Layered mocha cheesecake. The cheesecake bottom is a thick Oreo crust. Simply combine Oreo crumbs with a little melted butter, and press into the base of a springform pan. The second layer is a deliciously creamy chocolate cheesecake.
Works beautifully as a holiday appetizer or dessert! There are many variations of cheesecake recipes in the world; however, the most important ingredient is cheese, cream cheese, and ricotta cheese. Italians use ricotta cheese in the preparation while Americans use cream cheese or sour cheese as the main ingredient. You can cook Layered mocha cheesecake using 17 ingredients and 6 steps. Here is how you cook that.

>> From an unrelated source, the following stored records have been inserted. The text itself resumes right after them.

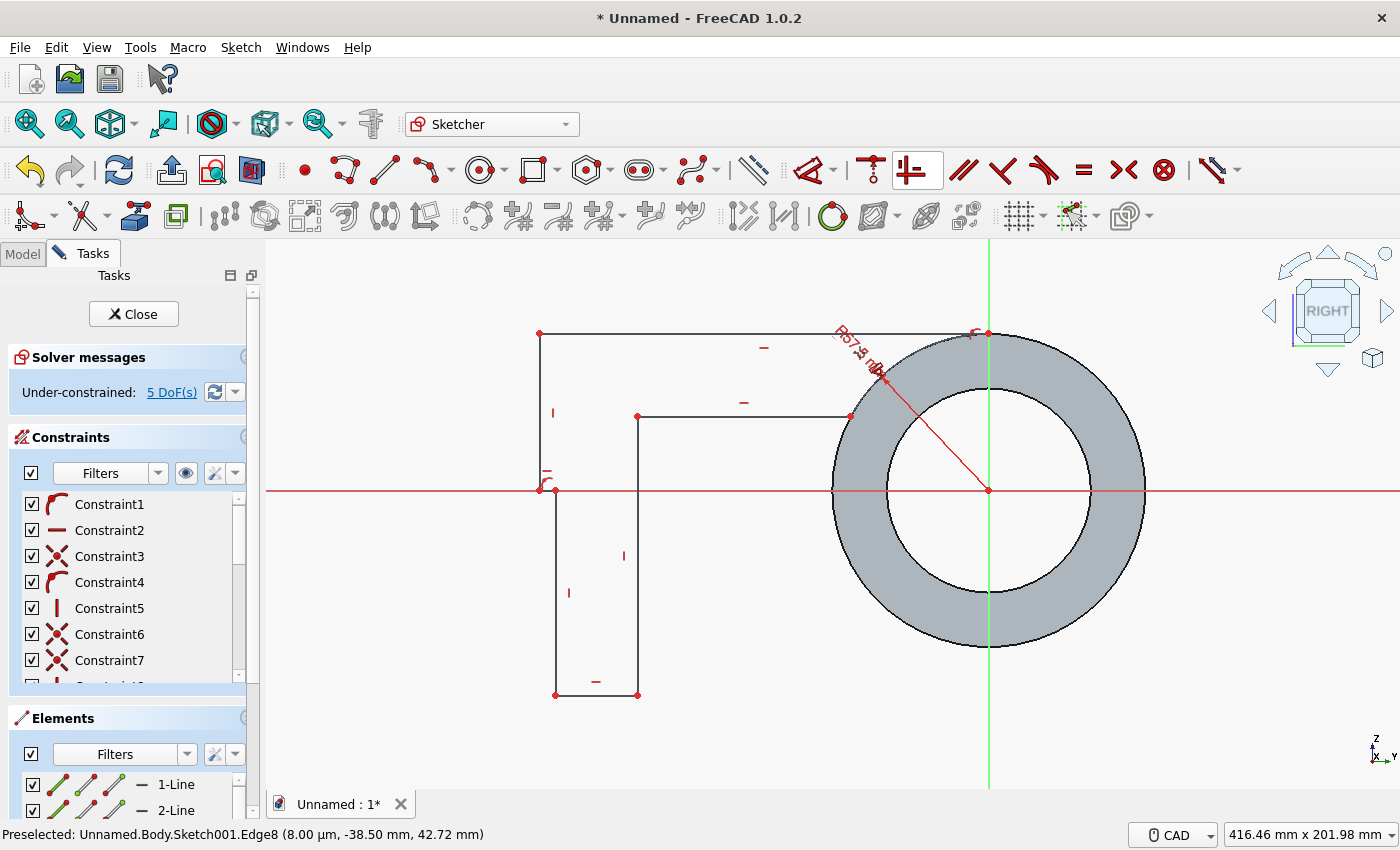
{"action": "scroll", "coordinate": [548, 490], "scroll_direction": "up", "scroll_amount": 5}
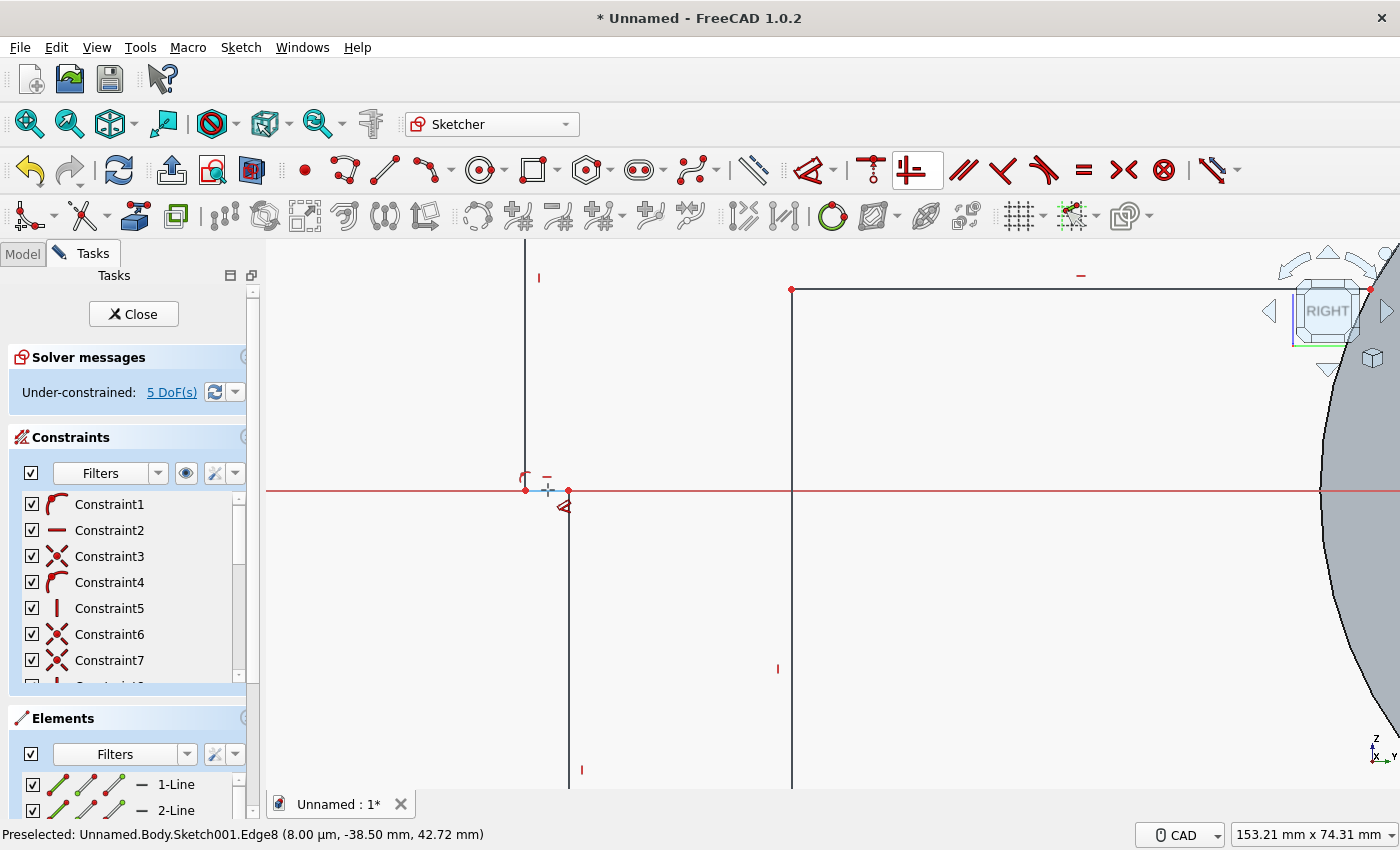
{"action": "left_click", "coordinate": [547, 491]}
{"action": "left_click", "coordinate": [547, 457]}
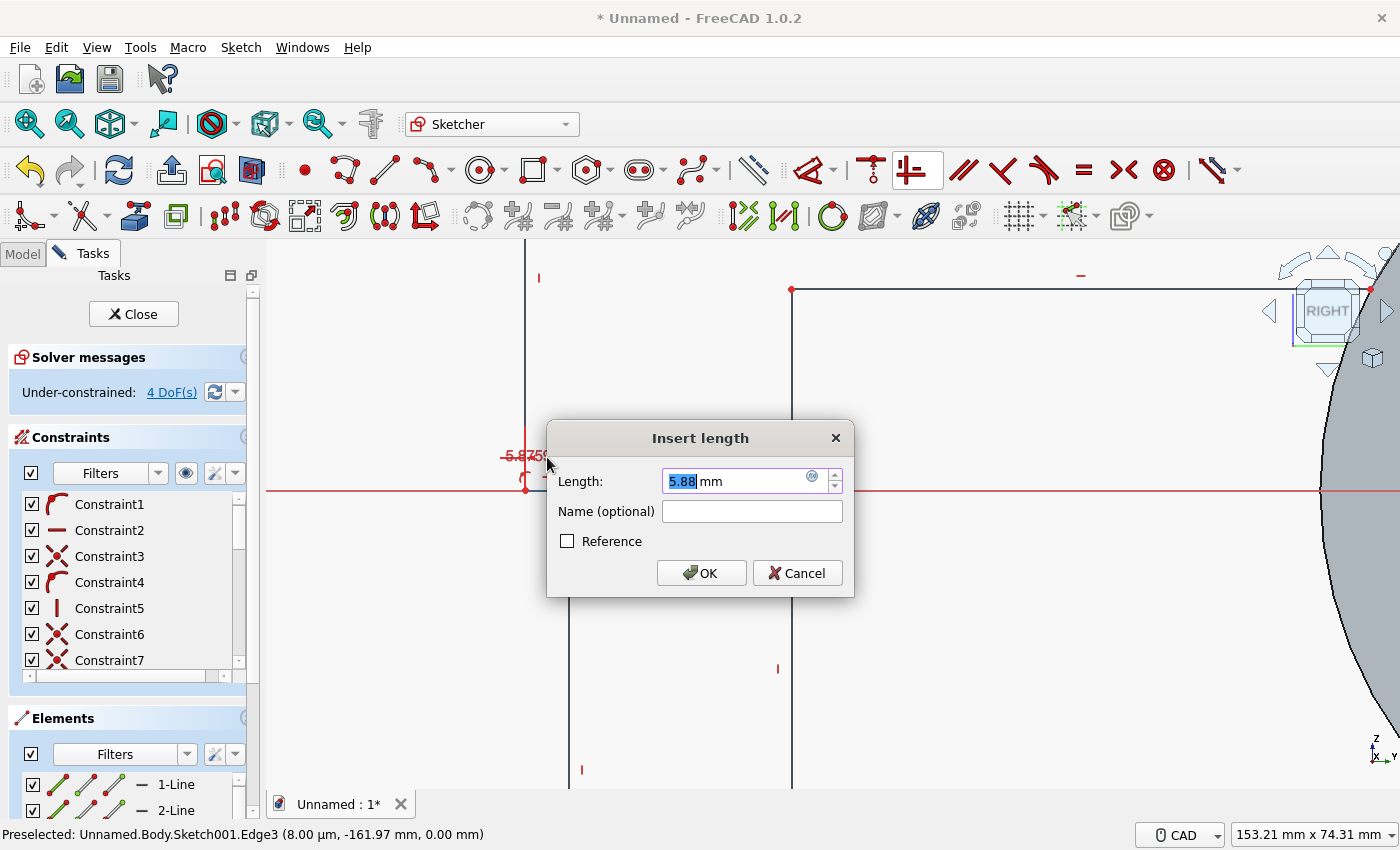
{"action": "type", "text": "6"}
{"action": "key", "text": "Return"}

Ingredients of Layered mocha cheesecake
- Prepare 1 1/2 cup of oreo or graham cookie crumbs. (i used double).
- You need of crust.
- Prepare 2 tbsp of plus 1 1/2 teaspoons instant coffee granules.
- Prepare 1/4 cup of butter (melted) *i doubled it for thicker crust*.
- It’s of filling.
- You need 1 tbsp of hot water.
- You need 1/4 tsp of ground cinnamon.
- You need 1 1/2 cup of sugar.
- Prepare 4 packages (8 ounce) of each) cream cheese softened.
- It’s 2 tsp of vanilla extract.
- Prepare 1/4 cup of all-purpose flour.
- You need 2 cup (12 ounces) of semi-sweet chocolate chips, melted and cooled.
- It’s 4 of eggs, lightly beaten.
- Prepare of glaze.
- You need 1/2 cup of semi-sweet chocolate chips.
- You need 3 tbsp of butter.
- It’s 1 bunch of chocolate covered coffee beans *optional* i didnt use th.
Please practice hand-washing and social distancing, and check out our resources for adapting to these times. Stir coffee mixture into the remaining batter; spoon over chocolate layer. As a matter of fact, my water bath ran dry on the Layered Mocha Cheesecake I'm presenting you with today, so it sunk a bit in the middle and the edges got a little hard before the center was done. Let that be a lesson to you all; if you want a pretty final result, don't skip the water bath and be sure to keep an eye on it as it bakes so.
Layered mocha cheesecake step by step
- Place greased 9-in. springform pan on a double thickness of heavy-duty foil (about 18 in. square). Securely wrap foil around pan..
- In a small bowl, mix cookie crumbs and butter; press onto the bottom of prepared pan. In another bowl, mix the coffee granules, hot water and cinnamon; set aside..
- In a large bowl, beat the cream cheese, sugar, flour and vanilla until smooth. Add eggs; beat on low speed just until combined..
- Divide batter in half. Stir melted chocolate into one portion; pour over crust. Stir coffee mixture into the remaining batter; spoon over chocolate layer. Place springform pan in a large baking pan; add 1 in. of hot water to larger pan..
- Bake at 325° for 60-65 minutes or until center is just set and top appears dull. Remove springform pan from water bath; remove foil. Cool cheesecake on a wire rack for 10 minutes; loosen sides from pan with a knife. Cool 1 hour longer. Refrigerate overnight..
- Remove rim from pan. For glaze, in a microwave, melt chocolate chips and butter; stir until smooth. Spread over cheesecake. Top with coffee beans if desired..
Add sugar to the cream cheese and mix well. Put yogurt and Heavy cream and mix well. Crust: Stir together graham crumbs, sugar, and butter. Filling: Combine cream cheese and sugar until smooth. Three epic layers combine to create a dreamy dessert: a chocolate almond crust layer that is crunchy and salty, creamy coffee cheesecake layer with a hint of vanilla and, to tie it all together, a gorgeous mocha swirl, bringing a bitter hint of dark chocolate that envelops this beauty in style and flavour.